MEMORANDUM OPINION AND ORDER

SHADUR, District Judge.

Pattern Makers’ Pension Trust Fund (“Trust”) has sued Badger Pattern Works, Inc. (“Badger”) under Employee Retirement Income Security Act' (“ERISA”) § 502, 29 U.S.C. § 1132, and National Labor Relations Act as amended (“NLRA”) § 301, 29 U.S.C. § 185, to recover pension fund contributions Badger allegedly owes Trust. Now Trust has filed a Fed.R.Civ.P. (“Rule”) 56 motion for partial summary judgment, and Badger has responded with a motion for summary judgment as to the entire Complaint. For the reasons stated in this memorandum opinion and order, both motions are granted in part and denied in part.

Background 1

Badger is a manufacturer of wood, metal and plastic patterns used by foundries. For many years it has employed workers represented by the Pattern Makers’ League of North America, Pattern Makers’ Association of Milwaukee and Vicinity *796 (“Union”). Under the terms of its 1980-83 collective bargaining agreement with Union (the “CBA”), Badger was obligated to make contributions to Trust’s pension fund (the “Fund”), calculated on the basis of all hours worked by Badger employees at tasks historically performed by pattern makers. CBA 1120.2 specified the hourly contribution rate and CBA ¶ 20.4 incorporated the terms of the Agreement and Declaration of Trust (the “Declaration”) creating Trust.

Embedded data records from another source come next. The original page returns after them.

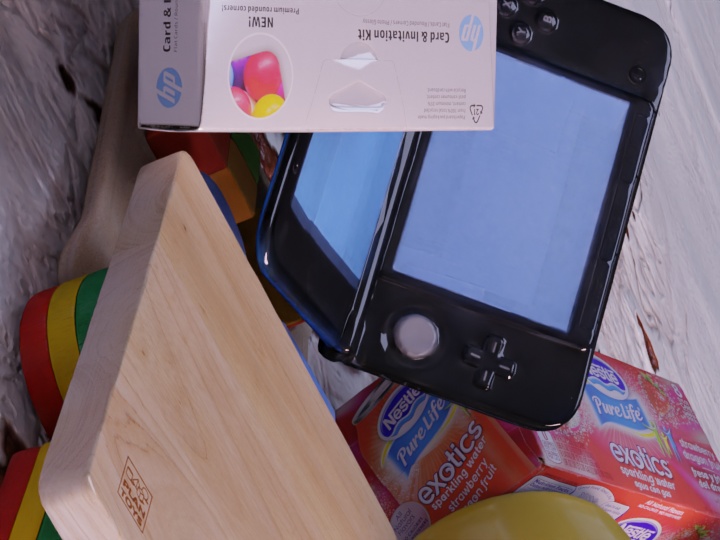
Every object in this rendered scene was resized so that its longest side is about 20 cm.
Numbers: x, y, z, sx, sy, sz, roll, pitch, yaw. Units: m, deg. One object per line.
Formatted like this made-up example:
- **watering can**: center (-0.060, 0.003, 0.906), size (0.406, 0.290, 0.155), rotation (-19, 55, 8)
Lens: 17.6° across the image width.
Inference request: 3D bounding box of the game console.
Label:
- **game console**: center (0.050, -0.056, 0.983), size (0.118, 0.170, 0.201), rotation (138, -30, -72)

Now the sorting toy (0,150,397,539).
- **sorting toy**: center (-0.063, 0.096, 0.830), size (0.199, 0.069, 0.201), rotation (-81, 148, -57)

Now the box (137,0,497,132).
- **box**: center (-0.012, -0.153, 0.878), size (0.155, 0.041, 0.202), rotation (-4, 95, -43)

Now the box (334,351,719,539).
- **box**: center (0.092, 0.100, 1.159), size (0.199, 0.100, 0.096), rotation (20, 39, -49)

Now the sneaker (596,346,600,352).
- **sneaker**: center (0.070, 0.064, 1.311), size (0.080, 0.078, 0.200), rotation (43, 22, 3)

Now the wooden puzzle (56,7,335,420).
- **wooden puzzle**: center (-0.055, 0.003, 0.988), size (0.201, 0.046, 0.186), rotation (-82, 150, -55)

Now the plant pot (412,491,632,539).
- **plant pot**: center (0.088, 0.206, 1.020), size (0.201, 0.200, 0.189), rotation (56, 7, -42)
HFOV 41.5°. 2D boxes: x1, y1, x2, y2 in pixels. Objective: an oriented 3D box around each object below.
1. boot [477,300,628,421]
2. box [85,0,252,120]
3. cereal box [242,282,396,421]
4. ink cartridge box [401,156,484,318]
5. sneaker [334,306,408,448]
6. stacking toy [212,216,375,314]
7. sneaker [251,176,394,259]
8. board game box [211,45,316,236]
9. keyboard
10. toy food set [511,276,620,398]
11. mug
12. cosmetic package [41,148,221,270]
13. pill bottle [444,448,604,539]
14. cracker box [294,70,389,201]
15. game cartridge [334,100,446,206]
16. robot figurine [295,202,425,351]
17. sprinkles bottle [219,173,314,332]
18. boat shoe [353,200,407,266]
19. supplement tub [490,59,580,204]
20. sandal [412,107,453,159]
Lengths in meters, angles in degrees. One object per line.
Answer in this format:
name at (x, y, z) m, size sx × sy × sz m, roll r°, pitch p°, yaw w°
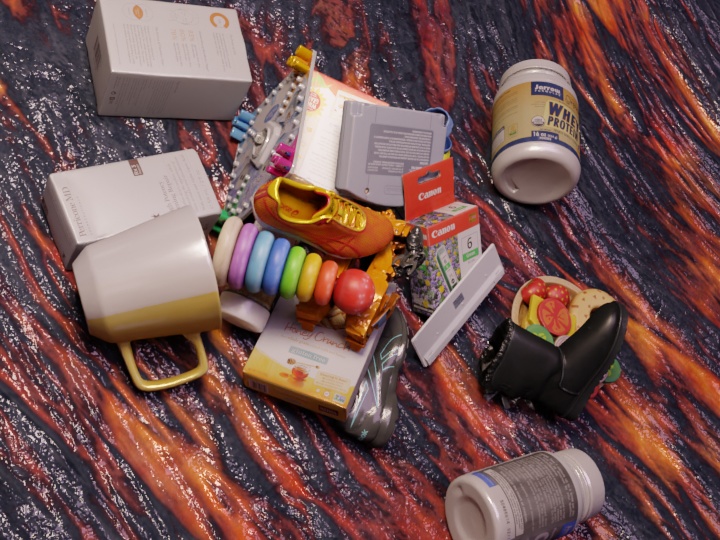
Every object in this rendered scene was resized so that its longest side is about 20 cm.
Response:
boot at (0.265, 0.110, 1.335) m, size 0.160 × 0.201 × 0.074 m, roll 22°, pitch 17°, yaw -13°
box at (-0.264, -0.288, 1.307) m, size 0.196 × 0.098 × 0.127 m, roll -2°, pitch 65°, yaw -29°
cereal box at (-0.049, 0.082, 1.230) m, size 0.141 × 0.040 × 0.202 m, roll 16°, pitch 54°, yaw 10°
ink cartridge box at (0.119, -0.047, 1.349) m, size 0.108 × 0.050 × 0.204 m, roll -23°, pitch 116°, yaw -36°
sneaker at (0.014, 0.128, 1.251) m, size 0.078 × 0.076 × 0.203 m, roll 18°, pitch 56°, yaw -16°
stacking toy at (-0.076, 0.001, 1.144) m, size 0.196 × 0.086 × 0.087 m, roll 16°, pitch 56°, yaw -1°
sneaker at (-0.036, -0.061, 1.157) m, size 0.197 × 0.077 × 0.075 m, roll 11°, pitch 73°, yaw -33°
board game box at (-0.131, -0.168, 1.249) m, size 0.026 × 0.199 × 0.203 m, roll 25°, pitch 54°, yaw -26°
keyboard at (0.141, 0.048, 1.356) m, size 0.200 × 0.011 × 0.057 m, roll -48°, pitch 125°, yaw -23°
toy food set at (0.316, 0.098, 1.452) m, size 0.197 × 0.049 × 0.201 m, roll 26°, pitch 55°, yaw -15°
mug at (-0.249, 0.030, 1.113) m, size 0.150 × 0.150 × 0.189 m, roll -15°, pitch 66°, yaw -17°
cosmetic package at (-0.287, -0.080, 1.197) m, size 0.197 × 0.074 × 0.103 m, roll -17°, pitch 73°, yaw -36°
pill bottle at (0.218, 0.302, 1.244) m, size 0.197 × 0.114 × 0.116 m, roll -9°, pitch 68°, yaw -32°
cracker box at (-0.057, -0.160, 1.317) m, size 0.132 × 0.058 × 0.204 m, roll 23°, pitch 81°, yaw -6°
game cartridge at (0.042, -0.156, 1.306) m, size 0.198 × 0.040 × 0.137 m, roll -1°, pitch 98°, yaw -47°
robot figurine at (0.000, 0.000, 1.234) m, size 0.143 × 0.059 × 0.202 m, roll 21°, pitch 55°, yaw 12°
sprinkles bottle at (-0.118, -0.025, 1.222) m, size 0.067 × 0.068 × 0.203 m, roll 26°, pitch 76°, yaw -14°
boat shoe at (0.046, -0.109, 1.397) m, size 0.085 × 0.075 × 0.204 m, roll -30°, pitch 82°, yaw -37°
supplement tub at (0.285, -0.227, 1.551) m, size 0.142 × 0.144 × 0.204 m, roll 18°, pitch 57°, yaw -19°
sandal at (0.065, -0.211, 1.450) m, size 0.197 × 0.088 × 0.080 m, roll -6°, pitch 53°, yaw -32°

Declaration Art. VI, § 1 sets out the basis for contributions to the Fund:

In order to effectuate the purposes hereof, each Employer shall contribute to the Fund the amount required by any written agreement as defined herein between the Union or the Trust and the Employer. The rate of contribution shall at all times be governed by the applicable written Agreement then in force and effect, together with any amendments, supplements or modifications thereto provided, however, that in the case of an Employer who is required to make contributions by reason of his being party to a written agreement other than a Collective Bargaining Agreement the amount of contribution shall be identical to the amount required by the Collective Bargaining Agreement in effect between the Employer Association and the Local Union having jurisdiction over the geographic area in which the covered Employees perform work. If no Employer Association exists within the geographical area then the rate of contribution shall be at the highest negotiated rate between the Union and the Employer existing in the geographical area within the jurisdiction of the Local Union, unless otherwise determined by the Trustees.

Declaration Art. I, § 1 defines “Employer” in part as one who:

(e) in writing adopts and agrees to be bound by the terms and provisions of this [Declaration] as the same may be amended or modified from time to time; or (d) is a party to any written instrument which evidences an agreement to be bound by the provisions of this [Declaration].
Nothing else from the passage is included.